Yogurt Cheese – Labneh

If you can buy a quart of yogurt from the grocery store and you have a smidge of patience, you can also be a labneh master. This delightful treat is truly worth the short 24 hours of waiting!  If you want to do it the long way with homemade yogurt, well, rock on because it’s also an incredible treat!

Labneh is a yogurt cheese made simply by straining the whey out of regular ol’ yogurt, leaving behind an ultra-creamy, deliciously spreadable “cheese” in it’s wake.  The possibilities for this cheese are endless, and we have only hit the tip of the iceberg.  Spread it on homemade bread with a generous dollop of honey – yes please.  Drizzle it with olive oil and sprinkle with cumin and salt – yes, that too.  Substitute labneh for sour cream in any soup or chili recipe – yep, sounds amazing.
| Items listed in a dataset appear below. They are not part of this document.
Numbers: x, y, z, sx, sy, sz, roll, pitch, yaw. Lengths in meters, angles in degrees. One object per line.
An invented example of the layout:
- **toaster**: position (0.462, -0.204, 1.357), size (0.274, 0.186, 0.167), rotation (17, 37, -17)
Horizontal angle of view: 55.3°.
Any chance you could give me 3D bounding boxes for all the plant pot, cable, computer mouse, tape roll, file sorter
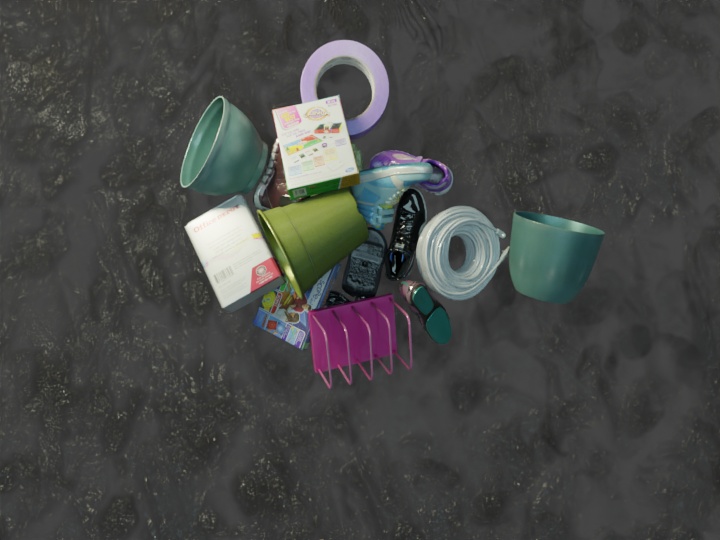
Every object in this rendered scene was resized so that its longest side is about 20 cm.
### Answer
- **plant pot**: position (-0.279, -0.244, 1.460), size (0.132, 0.199, 0.205), rotation (23, 90, -29)
- **cable**: position (0.214, -0.040, 1.506), size (0.199, 0.069, 0.202), rotation (40, 79, -23)
- **plant pot**: position (-0.089, -0.077, 1.422), size (0.187, 0.200, 0.204), rotation (-29, 93, -11)
- **computer mouse**: position (0.000, 0.000, 1.540), size (0.135, 0.053, 0.205), rotation (19, 100, 1)
- **plant pot**: position (0.411, -0.024, 1.491), size (0.194, 0.201, 0.166), rotation (10, 103, -3)
- **tape roll**: position (-0.035, -0.396, 1.518), size (0.193, 0.066, 0.207), rotation (0, 91, -2)
- **file sorter**: position (0.003, 0.154, 1.465), size (0.194, 0.125, 0.143), rotation (-11, 110, -17)

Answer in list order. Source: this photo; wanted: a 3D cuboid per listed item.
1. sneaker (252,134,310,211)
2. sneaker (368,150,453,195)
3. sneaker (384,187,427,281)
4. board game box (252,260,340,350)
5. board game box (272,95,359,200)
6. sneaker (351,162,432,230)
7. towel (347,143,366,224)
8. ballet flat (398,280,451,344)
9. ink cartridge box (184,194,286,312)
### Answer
- **sneaker**: position (-0.148, -0.210, 1.504), size (0.113, 0.076, 0.205), rotation (26, 99, 12)
- **sneaker**: position (0.115, -0.221, 1.519), size (0.194, 0.088, 0.083), rotation (10, 92, -2)
- **sneaker**: position (0.098, -0.075, 1.493), size (0.071, 0.112, 0.207), rotation (10, 100, 11)
- **board game box**: position (-0.141, 0.053, 1.517), size (0.133, 0.034, 0.205), rotation (24, 91, 16)
- **board game box**: position (-0.093, -0.257, 1.421), size (0.148, 0.041, 0.205), rotation (-12, 64, -3)
- **sneaker**: position (0.072, -0.158, 1.471), size (0.195, 0.079, 0.135), rotation (-4, 101, 31)
- **towel**: position (-0.058, -0.175, 1.537), size (0.143, 0.036, 0.207), rotation (-7, 91, -4)
- **ballet flat**: position (0.142, 0.085, 1.525), size (0.069, 0.071, 0.201), rotation (-46, 131, -9)
- **ink cartridge box**: position (-0.267, -0.035, 1.484), size (0.145, 0.086, 0.204), rotation (-27, 78, -1)

Add a spoonful to grilled or roasted veggies – so good.

Labneh

The process is so incredibly simple that you’ll be making it all the time.  All you need is a strainer, a bowl, and some cheesecloth.

Ingredients
1 quart of your favorite yogurt (homemade or store-bought)
1/2 tsp salt

Directions
1) Line strainer with two layers of cheesecloth.  Pour yogurt into cheesecloth and stir in salt.  Loosely gather edges of cheesecloth to form a ball.
2) Place strainer into a deep bowl.  Place bowl in refrigerator for 24 hours.
3) Remove bowl and strainer from fridge, remove cheese from cheesecloth, and enjoy!

That’s it!  Every once in awhile when I open the refrigerator, I like to check on the status of the whey that has been released. Every few hours, you can pour out the whey and see if the yogurt has reached the consistency that you’d like.  I typically save the whey as it drains from the cheese in a separate bowl for the animals to also enjoy!